Over the past ten years, homebuyers motivations for buying vacation homes has moved from pleasure to profit.

According to research from Savills and HomeAway, for the first time ever, vacation home buyers now prioritize rental income over personal use.

Savills and HomeAway carried out this survey in February and March of this year.  Savills World Research surveyed 4,300 property owners who list their properties on HomeAway's sites across Europe, North America and the rest of the world.

"Global tourism continues to grow, with international tourist arrivals up by seven percent last year to a record 1.3 billion,” Tostevin said.

“At the same time, the rapid expansion of online vacation home platforms, such as HomeAway, opens the market to new target groups and makes it much easier for owners to make their properties income-producing," he added.

The findings of this survey signify a paradigm shift in the way home owners view their vacation homes from 1970 to now with rapid acceleration in trend taking place over the last 10 years.

According to the study, in the 1970s nine out of 10 owners kept their second homes to themselves, and that number didn’t change much over the next 30 years. In 2000, eight out of 10 owners never opted to rent out their properties to travelers.

That all changed over the last 10 years. Now, the number of vacation home owners who rent out their properties to travelers has ballooned to over two thirds of second home owners who say they rent out their vacation properties for some portion of the year to cover ownership costs.
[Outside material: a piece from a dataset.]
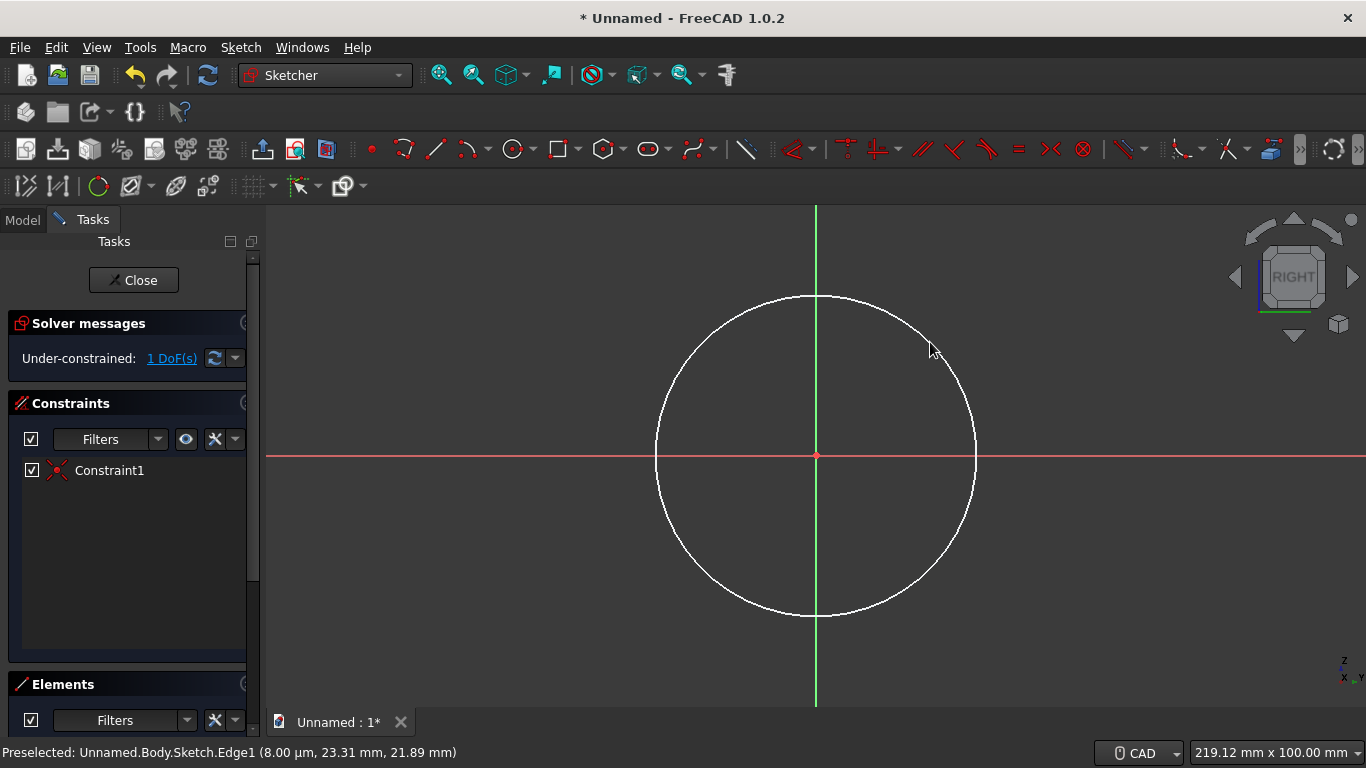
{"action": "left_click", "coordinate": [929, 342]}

"In a low interest rate environment, investors are seeking out income generating assets," says Savills world research Associate Director Paul Tostevin said in the report.

"Today's second home buyers want properties to work for them financially and they are increasingly looking not just to cover costs but to turn a profit," he added.

Of the roughly two thirds of vacation home owners who rent out their properties, one third makes enough to cover ownership costs, while the remaining third turns a profit on its properties. The average gross yield of the survey sample is 6.4%, or 3.9% after costs, excluding taxes.

The report attributes this strong performance largely to the Digital Age and its offspring, namely vacation rental sites like HomeAway and Airbnb. Their advent has drastically broadened the demand base and created a formalized market for non-hotel travel accommodations, which in turn is making vacation home investment look mighty sweet for many individuals with the means to purchase a vacation home.

In the U.S., our sunny states, Florida and California, have soaked up the majority of attention from vacation home investors, accounting for 14% of second homes and 7% of second homes, respectively.

"Over the past ten years, the online travel industry has changed significantly. Staying in a vacation home has transformed, moving from an alternative way to travel to a preferred way to stay," HomeAway Vice President, EMEA Christophe Pingard said in a statement.

"With the rise in the popularity of the category, vacation rentals are not only attracting more travelers, and perhaps most significantly, a new generation of younger travelers accustomed to booking homes over hotels for their trips."